Problem details
Print the records exactly. Miss nothing.

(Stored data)
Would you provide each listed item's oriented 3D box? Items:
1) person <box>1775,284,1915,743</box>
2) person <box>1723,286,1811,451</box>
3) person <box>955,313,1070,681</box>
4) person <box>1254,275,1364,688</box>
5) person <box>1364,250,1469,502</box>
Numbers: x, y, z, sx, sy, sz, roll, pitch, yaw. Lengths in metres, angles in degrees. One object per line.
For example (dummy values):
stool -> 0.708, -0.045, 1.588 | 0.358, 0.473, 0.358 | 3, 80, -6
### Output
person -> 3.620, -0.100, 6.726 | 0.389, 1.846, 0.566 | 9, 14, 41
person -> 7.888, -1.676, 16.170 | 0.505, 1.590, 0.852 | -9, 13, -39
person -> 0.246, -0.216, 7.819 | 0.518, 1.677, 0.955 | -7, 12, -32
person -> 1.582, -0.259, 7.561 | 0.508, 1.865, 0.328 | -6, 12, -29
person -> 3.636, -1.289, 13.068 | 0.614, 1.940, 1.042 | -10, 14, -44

Final answer
Would you provide each listed item's oriented 3D box? Items:
1) person <box>1775,284,1915,743</box>
2) person <box>1723,286,1811,451</box>
3) person <box>955,313,1070,681</box>
4) person <box>1254,275,1364,688</box>
5) person <box>1364,250,1469,502</box>
Numbers: x, y, z, sx, sy, sz, roll, pitch, yaw. Lengths in metres, angles in degrees. One object per line.
For example (dummy values):
stool -> 0.708, -0.045, 1.588 | 0.358, 0.473, 0.358 | 3, 80, -6
### Output
person -> 3.620, -0.100, 6.726 | 0.389, 1.846, 0.566 | 9, 14, 41
person -> 7.888, -1.676, 16.170 | 0.505, 1.590, 0.852 | -9, 13, -39
person -> 0.246, -0.216, 7.819 | 0.518, 1.677, 0.955 | -7, 12, -32
person -> 1.582, -0.259, 7.561 | 0.508, 1.865, 0.328 | -6, 12, -29
person -> 3.636, -1.289, 13.068 | 0.614, 1.940, 1.042 | -10, 14, -44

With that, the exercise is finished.